Lightly salted cucumbers in a bag for 2 hours

Lightly salted cucumbers with garlic and instant herbs in a saucepan: a cold pickling method

With this recipe, the cucumbers are strong - they keep their shape, crispy and very tasty.

Compound

  • Fresh cucumbers - 6-7 pieces,
  • Garlic - 3 cloves,
  • Greens (2 leaves of blackcurrant, cherries, 2 tops of dill),
  • Rock salt - 3 tablespoons,
  • Clean cold water - about a liter, a little less,
  • Sugar - 1 teaspoon.

Recipe

First of all, prepare the vegetables - wash and wipe. Cut off the ends.

Put green leaves, dill and finely chopped garlic on the bottom of the pan. It is better to leave one third of these products for later.

Lay cucumbers on top and the remaining third.

In cold water, knead the salt until completely dissolved. And fill the pan with this brine.

At room temperature, lightly salted cucumbers will be ready in 2 days, in a cool place - in 3-4 days.

In the same way cold salting you can salt not only in a saucepan, but also in a jar or even in wooden tubs.

These pickled fruits will be a great addition and even an ingredient in mouth-watering dishes:

All of the above recipes with brine are just right for this topic. You can use like hot way pickling, and cold.

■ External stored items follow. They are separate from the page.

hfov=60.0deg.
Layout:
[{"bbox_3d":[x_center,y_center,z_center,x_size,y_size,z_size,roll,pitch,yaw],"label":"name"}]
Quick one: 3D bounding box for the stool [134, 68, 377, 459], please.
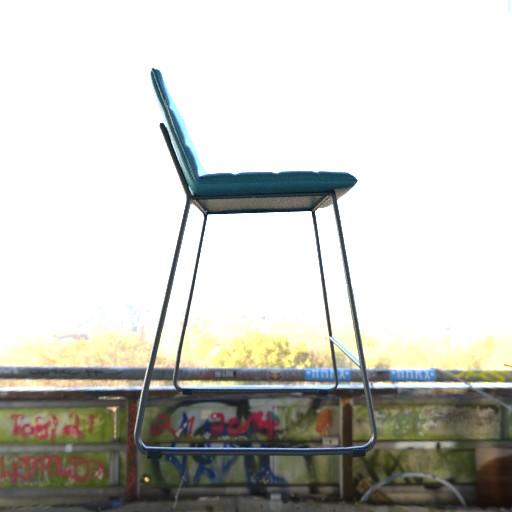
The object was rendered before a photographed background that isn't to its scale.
[{"bbox_3d":[0.000,0.000,1.188,0.524,0.866,0.489,0,-1,0],"label":"stool"}]

The only difference is that when using hot brine and with sterile jars, you can store this type of vegetables for a long time. Usually they are prepared for the winter.

And with a cold brine - you can already eat almost the next day. But still, it is better to wait and hold the fetus in the solution for at least 3 days, for better salting. So they turn out crispy and insanely tasty.

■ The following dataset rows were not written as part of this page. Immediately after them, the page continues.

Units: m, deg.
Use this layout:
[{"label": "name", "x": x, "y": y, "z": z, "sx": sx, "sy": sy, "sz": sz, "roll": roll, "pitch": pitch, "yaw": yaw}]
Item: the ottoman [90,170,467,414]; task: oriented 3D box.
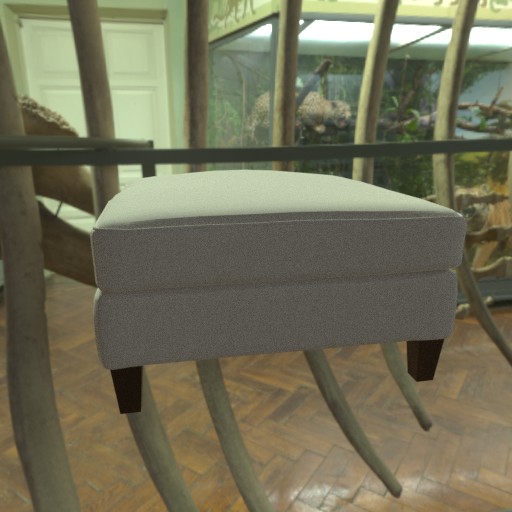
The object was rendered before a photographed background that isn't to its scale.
[{"label": "ottoman", "x": 0.000, "y": 0.000, "z": 1.351, "sx": 0.838, "sy": 0.479, "sz": 0.838, "roll": -3, "pitch": 16, "yaw": -10}]

The cooking process comes down to one thing: a certain amount of salt is dissolved in water proportionally, seasonings and herbs are added. So for a 3-liter jar, 3 tablespoons of salt is enough. And don't overdo the spices.

Vegetables are not tightly laid out in a jar and poured with prepared brine.

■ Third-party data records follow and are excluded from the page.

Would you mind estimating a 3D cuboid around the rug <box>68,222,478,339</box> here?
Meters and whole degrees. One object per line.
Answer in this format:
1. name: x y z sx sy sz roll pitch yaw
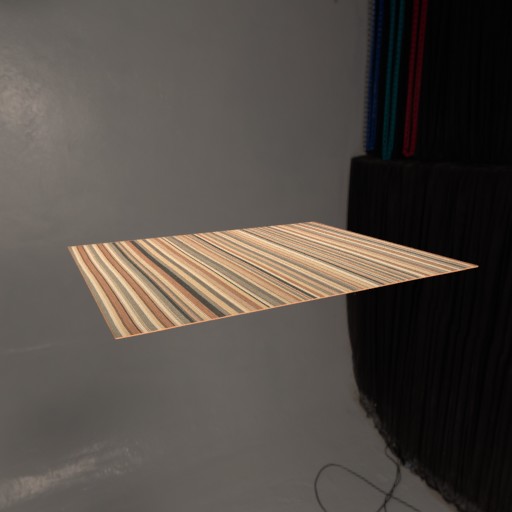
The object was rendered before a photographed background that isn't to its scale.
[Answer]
1. rug: 0.000 0.000 4.152 3.045 0.011 2.436 -8 17 -27
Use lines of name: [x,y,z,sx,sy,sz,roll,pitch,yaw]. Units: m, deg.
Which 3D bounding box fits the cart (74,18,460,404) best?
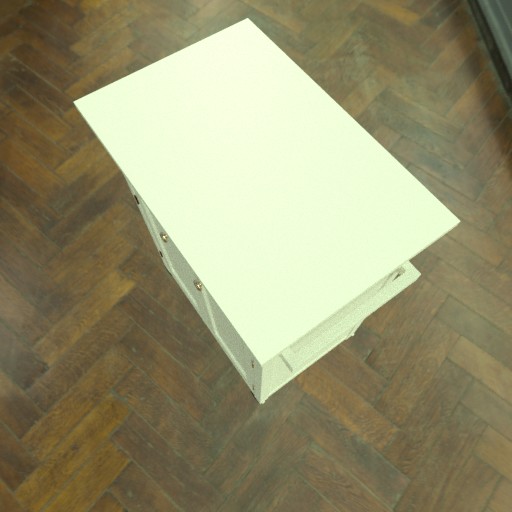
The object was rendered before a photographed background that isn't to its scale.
cart: [0.000,0.000,1.244,0.442,0.864,0.683,-33,69,-14]

Lightly salted cucumbers with garlic and instant herbs with boiling water

This method of pickling cucumbers impregnates the latter evenly and efficiently. Crispy vegetables are ready for 2-3 days.

Ingredients

  • Cucumbers - 1 kilo,
  • Garlic - 1 small onion head,
  • Greens - cherry and horseradish leaves (2-3 pieces each),
  • A pair of dill umbrellas,
  • Salt - 2 table. spoons,
  • Sugar - half a table. spoons,
  • Peppercorns - 4-5 peas,
  • Water - litre.

How to cook with boiling water

I recommend fresh fruits. Soak the vegetables just taken from the bush in a bowl of water. To get stronger and keep in shape. Then we remove the "Butts".

Tear the green leaves with your hands and fold to the bottom. There are also peppercorns and finely chopped garlic.

Now carefully fold the vegetables. We don't press hard on each other.

Now we are preparing the marinade (brine - as you like). Boil clean water in a saucepan and add salt and sugar there. Let's cook for 5 minutes and quickly pour our "precocious".

We close and clean until "good times". After 2-3 days we try and treat all household members.

Lightly salted cucumbers with garlic and instant herbs on a mineral water

Another interesting recipe few pickles - on mineral water with gases. And it's also a fast way. And the fruits are crispy and tasty.

Products

  • Fresh cucumbers - about one kilogram,
  • Garlic - 4 cloves,
  • Greens - a leaf of horseradish, 3 - cherries, a bunch of dill,
  • Coarse salt - two tablespoons,
  • Black peppercorns,
  • Mineral water (mineral sparkling water) - 1.5 liters.

mineral water recipe

Just like in other recipes, cook the vegetables first. We clean, wash, cut off the ends.

All greens down containers for pickling. Fruit on top.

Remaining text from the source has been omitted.